WORK TO BE COMPLETED:
Leaving out the images, please reproduce each line below exactly.
*** Opening PROVIDED MATERIAL ***
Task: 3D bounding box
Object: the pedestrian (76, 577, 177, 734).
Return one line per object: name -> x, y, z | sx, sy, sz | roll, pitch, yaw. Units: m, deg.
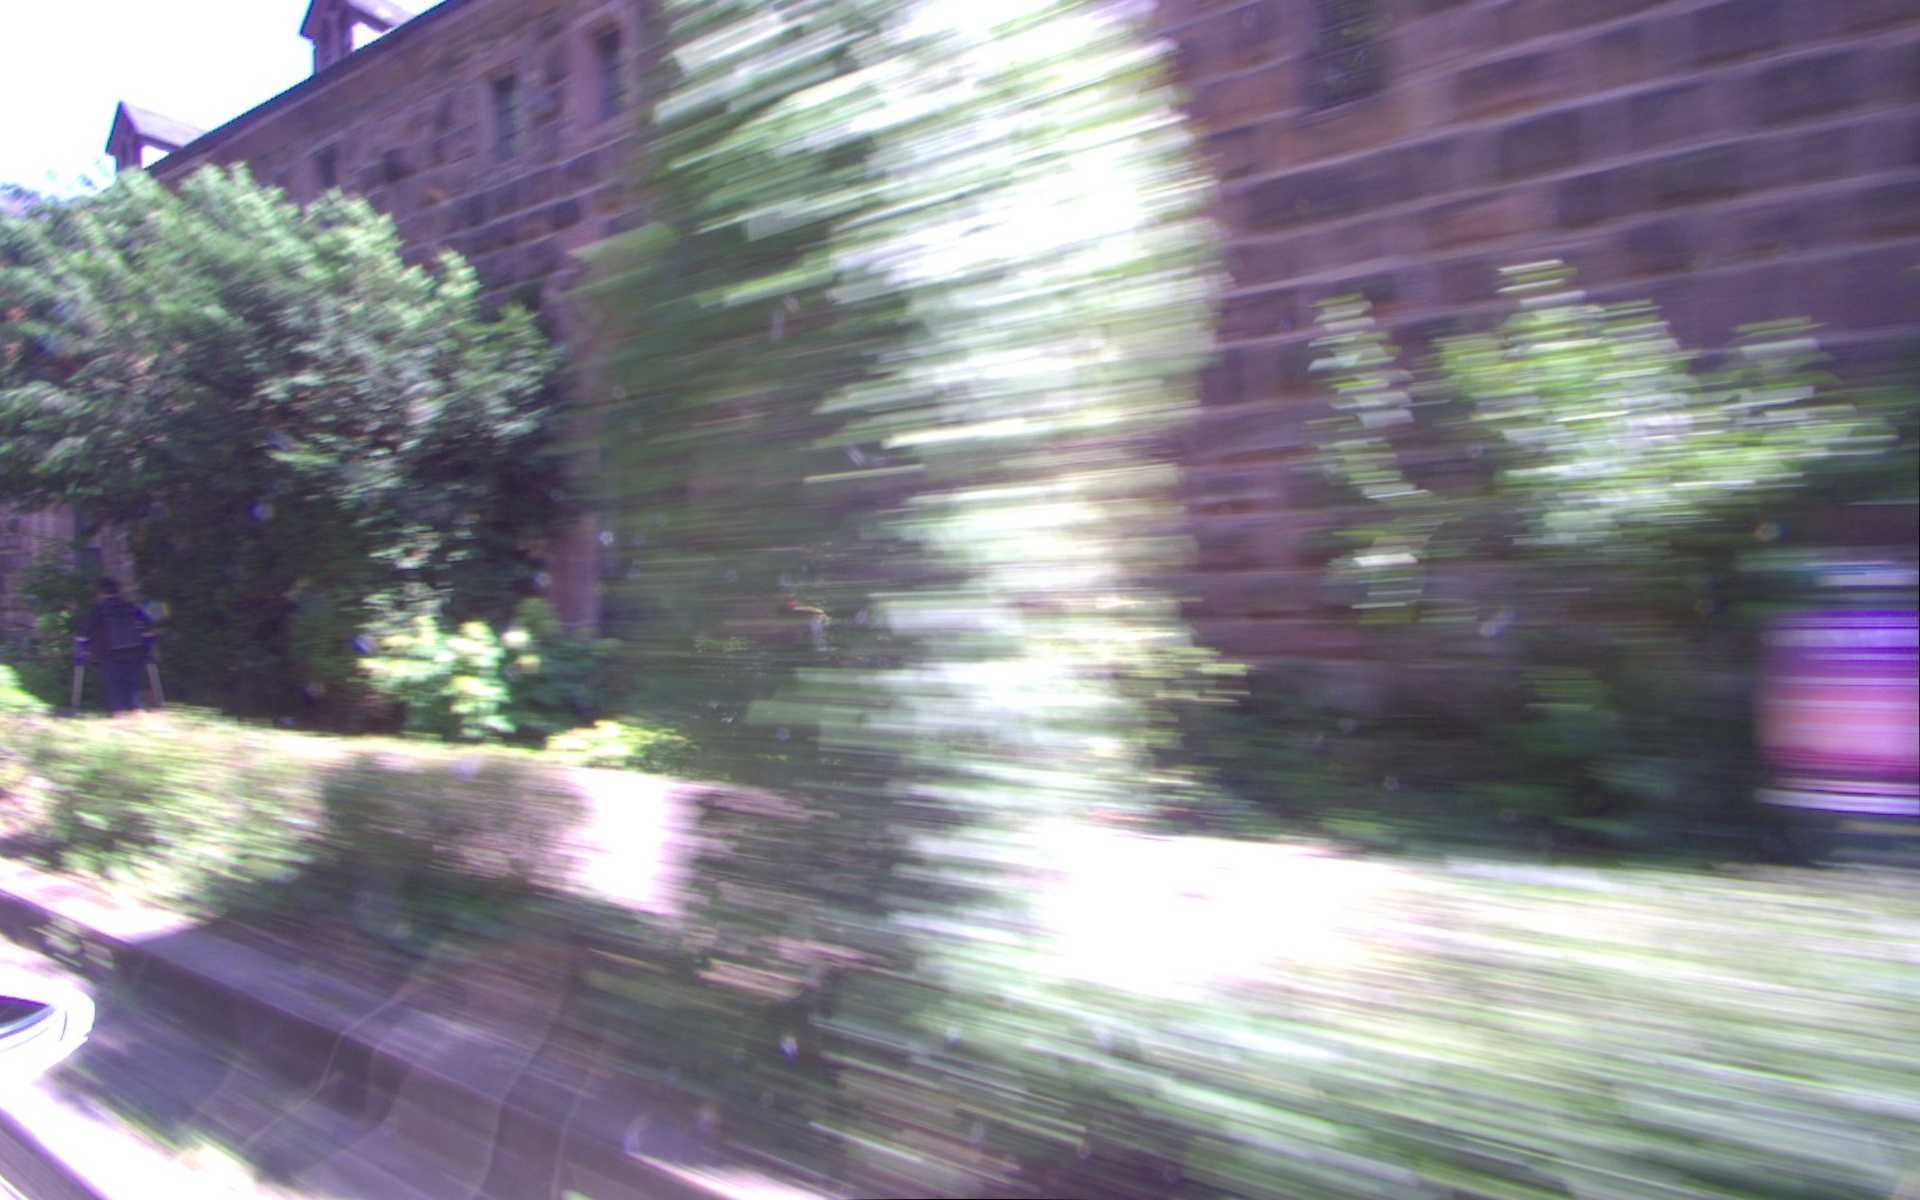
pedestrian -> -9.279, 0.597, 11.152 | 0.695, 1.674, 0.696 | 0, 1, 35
*** Closing PROVIDED MATERIAL ***
ANSWER BOX:
Task: 3D bounding box
Object: the pedestrian (76, 577, 177, 734).
Return one line per object: name -> x, y, z | sx, sy, sz | roll, pitch, yaw. Units: m, deg.
pedestrian -> -9.279, 0.597, 11.152 | 0.695, 1.674, 0.696 | 0, 1, 35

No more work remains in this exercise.